Directions:
From the entries below, copy out all lines holding "each".

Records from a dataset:
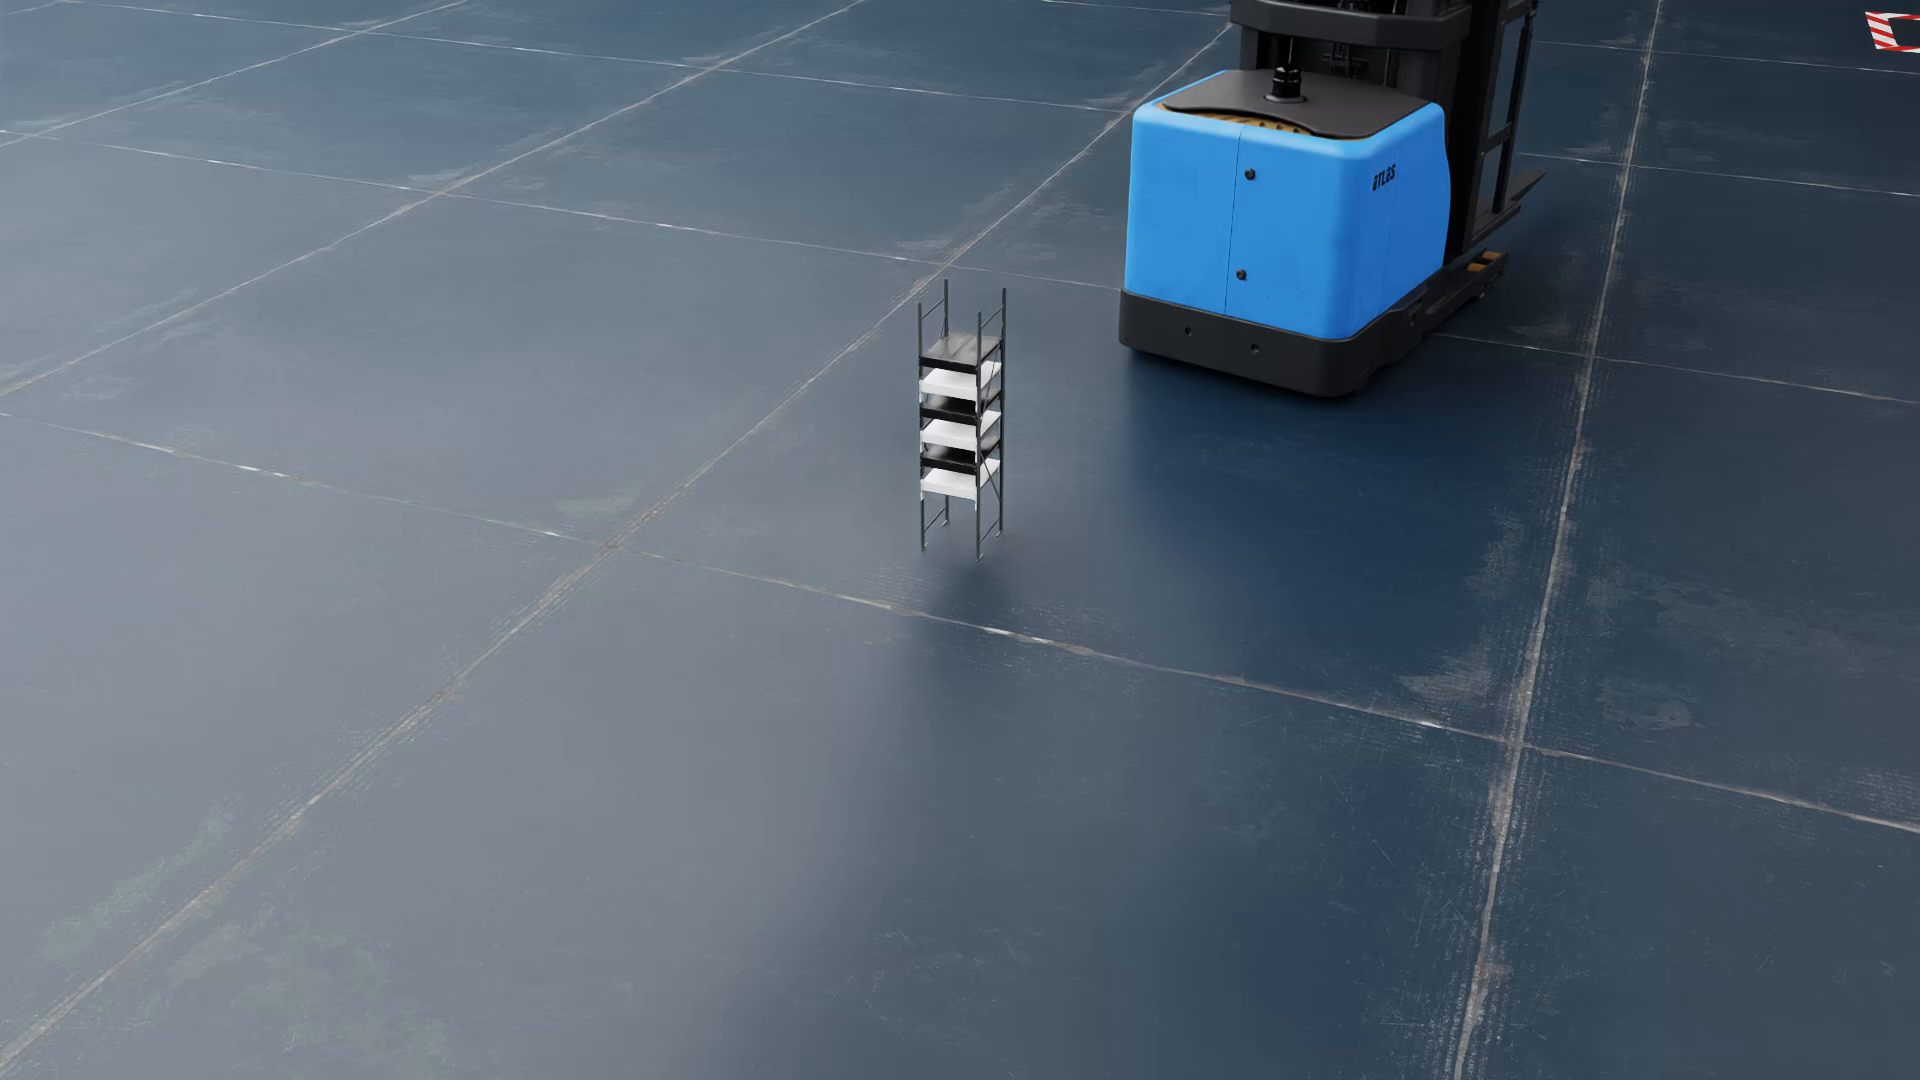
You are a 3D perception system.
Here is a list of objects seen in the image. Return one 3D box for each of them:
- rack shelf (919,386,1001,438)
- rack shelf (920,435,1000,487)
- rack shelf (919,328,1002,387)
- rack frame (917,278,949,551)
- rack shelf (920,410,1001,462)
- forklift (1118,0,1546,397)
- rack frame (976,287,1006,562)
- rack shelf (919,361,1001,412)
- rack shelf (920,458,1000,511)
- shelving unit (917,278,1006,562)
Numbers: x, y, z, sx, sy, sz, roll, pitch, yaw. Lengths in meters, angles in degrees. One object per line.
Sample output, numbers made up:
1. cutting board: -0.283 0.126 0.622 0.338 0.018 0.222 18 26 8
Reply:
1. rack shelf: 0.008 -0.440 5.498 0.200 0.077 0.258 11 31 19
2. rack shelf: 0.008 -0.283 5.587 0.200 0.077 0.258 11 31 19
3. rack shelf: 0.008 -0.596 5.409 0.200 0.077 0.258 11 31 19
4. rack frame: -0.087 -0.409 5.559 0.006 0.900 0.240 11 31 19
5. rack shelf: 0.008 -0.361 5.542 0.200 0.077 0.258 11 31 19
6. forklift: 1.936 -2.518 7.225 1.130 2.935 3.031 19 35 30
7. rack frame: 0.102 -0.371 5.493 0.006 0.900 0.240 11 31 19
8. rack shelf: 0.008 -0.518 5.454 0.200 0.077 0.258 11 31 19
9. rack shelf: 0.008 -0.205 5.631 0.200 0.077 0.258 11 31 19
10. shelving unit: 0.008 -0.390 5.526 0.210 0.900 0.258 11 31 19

...

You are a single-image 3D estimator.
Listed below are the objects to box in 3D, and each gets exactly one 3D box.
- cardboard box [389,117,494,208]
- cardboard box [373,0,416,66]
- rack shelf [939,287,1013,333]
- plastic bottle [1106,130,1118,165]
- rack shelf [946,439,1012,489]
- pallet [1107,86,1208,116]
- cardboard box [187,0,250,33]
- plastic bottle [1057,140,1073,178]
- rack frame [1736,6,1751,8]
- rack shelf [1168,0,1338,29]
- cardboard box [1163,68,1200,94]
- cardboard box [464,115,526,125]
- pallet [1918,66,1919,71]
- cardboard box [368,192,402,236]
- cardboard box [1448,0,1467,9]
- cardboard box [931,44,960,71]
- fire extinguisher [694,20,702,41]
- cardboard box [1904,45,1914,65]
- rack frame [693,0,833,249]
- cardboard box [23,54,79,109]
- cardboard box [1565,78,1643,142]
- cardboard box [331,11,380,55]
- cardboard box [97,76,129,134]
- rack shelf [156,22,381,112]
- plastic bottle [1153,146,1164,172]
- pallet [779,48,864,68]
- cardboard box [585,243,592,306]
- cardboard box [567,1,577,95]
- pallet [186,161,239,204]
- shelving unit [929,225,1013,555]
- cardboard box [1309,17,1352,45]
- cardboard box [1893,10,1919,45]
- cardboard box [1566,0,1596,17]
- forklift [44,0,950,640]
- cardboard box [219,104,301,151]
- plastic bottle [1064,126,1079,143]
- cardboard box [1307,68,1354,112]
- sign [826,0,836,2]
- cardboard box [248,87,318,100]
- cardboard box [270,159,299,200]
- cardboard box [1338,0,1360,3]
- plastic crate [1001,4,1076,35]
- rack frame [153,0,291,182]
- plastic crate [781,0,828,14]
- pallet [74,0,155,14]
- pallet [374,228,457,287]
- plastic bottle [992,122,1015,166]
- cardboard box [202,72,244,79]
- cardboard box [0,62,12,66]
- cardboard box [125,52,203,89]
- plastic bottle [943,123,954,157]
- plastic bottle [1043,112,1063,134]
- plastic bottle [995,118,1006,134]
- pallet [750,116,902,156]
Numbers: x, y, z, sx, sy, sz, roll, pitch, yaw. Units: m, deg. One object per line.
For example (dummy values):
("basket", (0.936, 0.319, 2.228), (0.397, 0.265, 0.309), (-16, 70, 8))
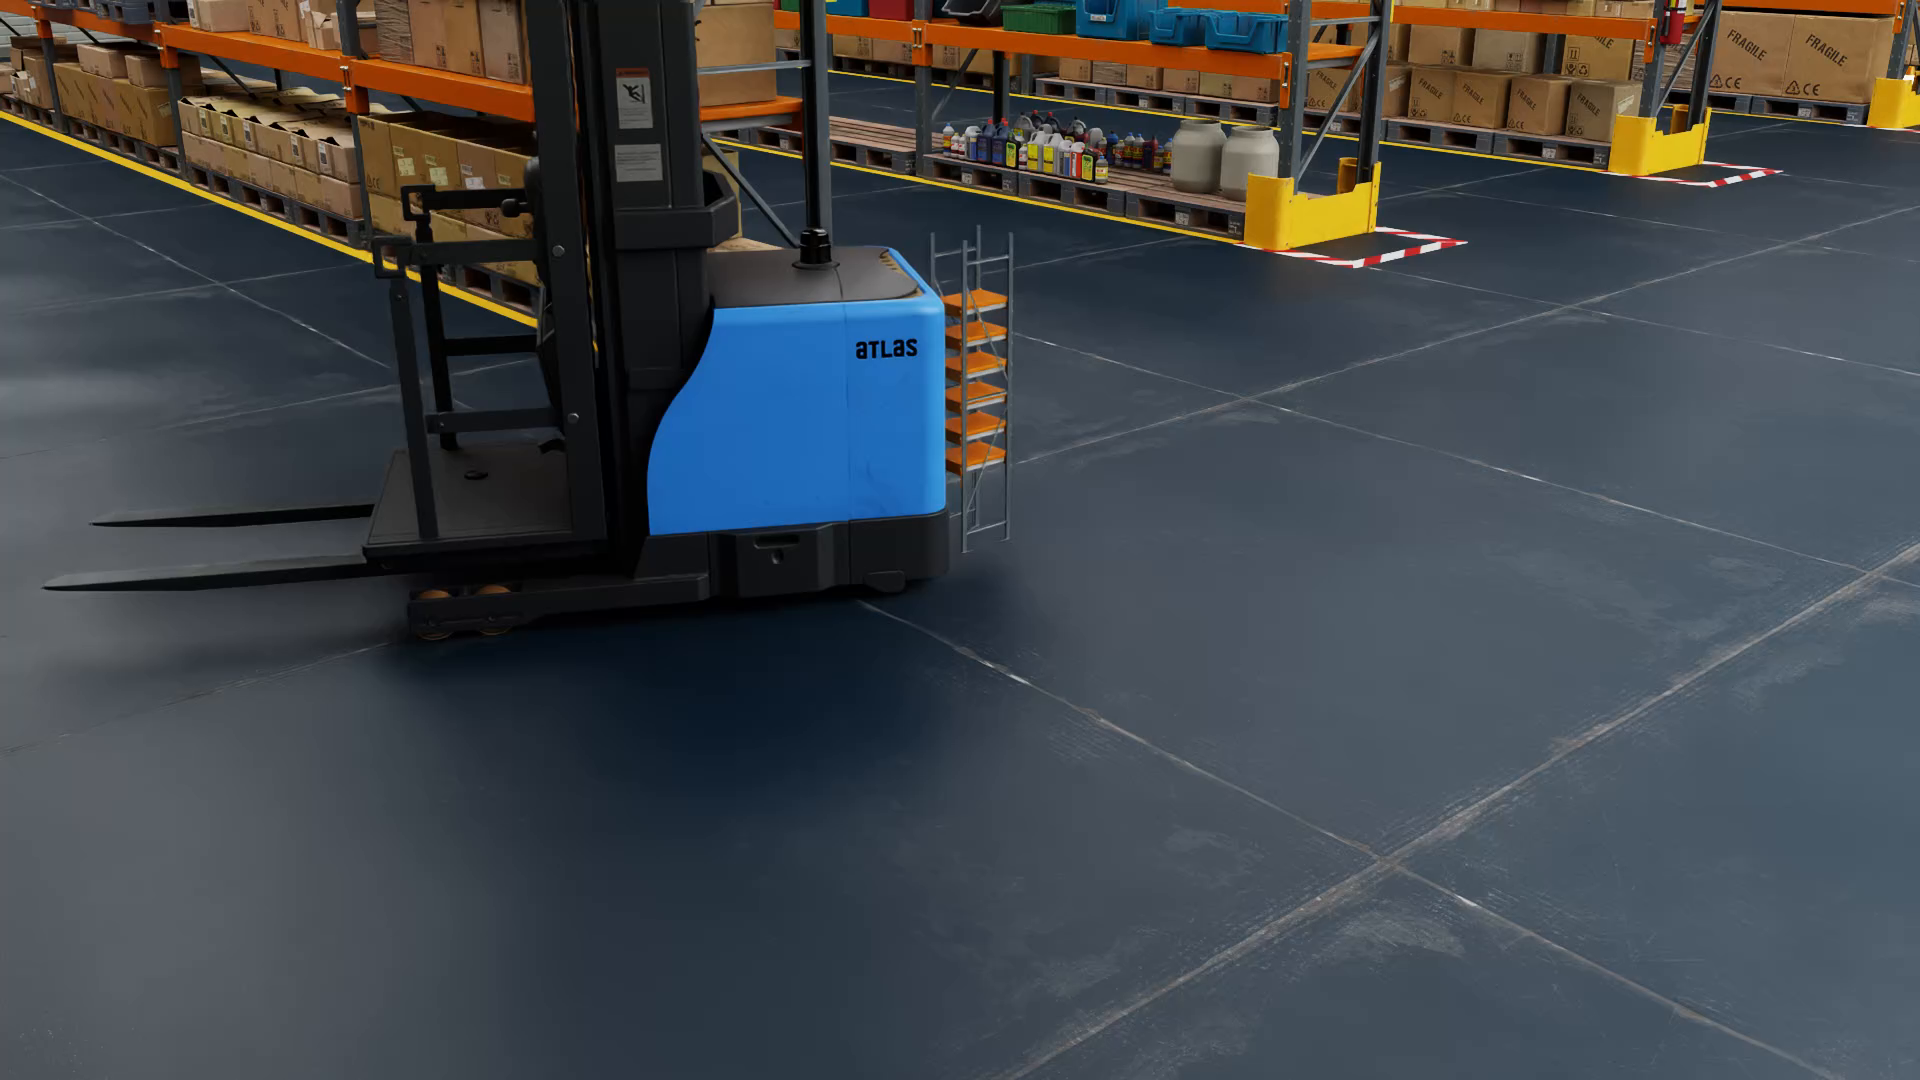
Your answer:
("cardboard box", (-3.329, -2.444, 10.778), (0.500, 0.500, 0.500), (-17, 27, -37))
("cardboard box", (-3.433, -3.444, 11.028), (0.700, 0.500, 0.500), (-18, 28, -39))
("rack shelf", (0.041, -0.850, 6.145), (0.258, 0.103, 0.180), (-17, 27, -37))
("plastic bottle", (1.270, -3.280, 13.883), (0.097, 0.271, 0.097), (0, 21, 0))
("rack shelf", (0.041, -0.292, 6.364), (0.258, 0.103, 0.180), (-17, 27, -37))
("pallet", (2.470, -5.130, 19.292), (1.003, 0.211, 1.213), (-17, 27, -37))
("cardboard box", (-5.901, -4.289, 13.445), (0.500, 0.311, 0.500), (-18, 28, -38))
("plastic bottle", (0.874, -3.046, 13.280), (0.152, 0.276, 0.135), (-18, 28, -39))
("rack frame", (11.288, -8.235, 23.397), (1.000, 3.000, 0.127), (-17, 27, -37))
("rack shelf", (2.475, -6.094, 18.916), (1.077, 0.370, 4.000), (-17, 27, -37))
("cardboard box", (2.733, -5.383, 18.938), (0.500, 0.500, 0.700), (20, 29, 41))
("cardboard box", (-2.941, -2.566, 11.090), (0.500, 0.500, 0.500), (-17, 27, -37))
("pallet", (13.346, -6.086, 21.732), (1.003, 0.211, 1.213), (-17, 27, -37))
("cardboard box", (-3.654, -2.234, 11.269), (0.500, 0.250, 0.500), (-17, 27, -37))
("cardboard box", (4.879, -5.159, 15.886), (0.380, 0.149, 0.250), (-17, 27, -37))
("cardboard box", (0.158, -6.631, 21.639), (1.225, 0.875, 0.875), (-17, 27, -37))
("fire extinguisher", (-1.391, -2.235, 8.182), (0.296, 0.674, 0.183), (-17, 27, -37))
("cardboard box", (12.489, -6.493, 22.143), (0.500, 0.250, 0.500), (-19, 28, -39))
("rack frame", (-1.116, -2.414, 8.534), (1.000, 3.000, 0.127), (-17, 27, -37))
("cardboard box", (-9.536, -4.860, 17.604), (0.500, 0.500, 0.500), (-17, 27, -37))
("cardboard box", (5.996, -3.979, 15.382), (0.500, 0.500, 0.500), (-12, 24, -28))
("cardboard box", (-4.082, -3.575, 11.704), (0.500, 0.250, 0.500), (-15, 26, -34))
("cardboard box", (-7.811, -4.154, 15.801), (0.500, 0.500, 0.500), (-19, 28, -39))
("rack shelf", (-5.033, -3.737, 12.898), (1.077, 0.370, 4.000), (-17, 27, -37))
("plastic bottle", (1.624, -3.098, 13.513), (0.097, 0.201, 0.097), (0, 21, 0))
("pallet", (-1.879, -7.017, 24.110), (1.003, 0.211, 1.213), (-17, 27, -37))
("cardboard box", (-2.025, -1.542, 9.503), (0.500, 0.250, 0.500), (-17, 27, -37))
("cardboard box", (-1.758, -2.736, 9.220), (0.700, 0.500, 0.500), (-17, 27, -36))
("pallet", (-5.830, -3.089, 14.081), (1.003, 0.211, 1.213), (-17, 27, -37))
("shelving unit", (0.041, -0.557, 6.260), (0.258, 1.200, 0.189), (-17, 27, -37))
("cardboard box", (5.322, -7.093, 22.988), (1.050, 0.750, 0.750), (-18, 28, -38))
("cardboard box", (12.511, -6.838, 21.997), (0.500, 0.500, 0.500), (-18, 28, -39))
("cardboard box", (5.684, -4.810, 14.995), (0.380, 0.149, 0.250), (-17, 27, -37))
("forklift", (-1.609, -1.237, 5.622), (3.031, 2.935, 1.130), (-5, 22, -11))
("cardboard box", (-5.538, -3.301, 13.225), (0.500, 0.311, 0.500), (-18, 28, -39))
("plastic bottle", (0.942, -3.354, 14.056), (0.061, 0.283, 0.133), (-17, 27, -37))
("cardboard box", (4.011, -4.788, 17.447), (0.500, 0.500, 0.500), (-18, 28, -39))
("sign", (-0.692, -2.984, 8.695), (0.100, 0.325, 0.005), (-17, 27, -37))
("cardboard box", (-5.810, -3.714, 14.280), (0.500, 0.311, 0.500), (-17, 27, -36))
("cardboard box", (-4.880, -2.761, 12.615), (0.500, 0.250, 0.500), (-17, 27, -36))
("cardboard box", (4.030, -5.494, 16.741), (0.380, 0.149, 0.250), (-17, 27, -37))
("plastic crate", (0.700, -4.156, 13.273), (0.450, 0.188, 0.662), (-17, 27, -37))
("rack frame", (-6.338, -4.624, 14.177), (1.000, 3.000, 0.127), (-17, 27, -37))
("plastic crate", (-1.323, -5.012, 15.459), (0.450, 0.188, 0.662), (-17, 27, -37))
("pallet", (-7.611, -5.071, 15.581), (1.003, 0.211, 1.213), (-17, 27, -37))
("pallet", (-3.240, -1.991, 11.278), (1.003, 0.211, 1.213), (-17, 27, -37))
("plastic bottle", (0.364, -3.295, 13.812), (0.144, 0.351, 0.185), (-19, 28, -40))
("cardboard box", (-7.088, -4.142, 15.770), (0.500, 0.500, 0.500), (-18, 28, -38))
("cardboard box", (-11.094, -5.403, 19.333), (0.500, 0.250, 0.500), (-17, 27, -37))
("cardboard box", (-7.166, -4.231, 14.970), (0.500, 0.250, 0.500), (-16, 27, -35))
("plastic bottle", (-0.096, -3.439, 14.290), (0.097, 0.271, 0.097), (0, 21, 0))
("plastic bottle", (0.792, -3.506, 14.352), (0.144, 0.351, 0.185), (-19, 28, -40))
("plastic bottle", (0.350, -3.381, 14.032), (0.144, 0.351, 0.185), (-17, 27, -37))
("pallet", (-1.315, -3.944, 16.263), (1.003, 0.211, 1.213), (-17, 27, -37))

Answer:
Here is a list of objects seen in the image. Return one 3D box for each of them:
Listed below are the objects to box in 3D, and each gets exactly one 3D box.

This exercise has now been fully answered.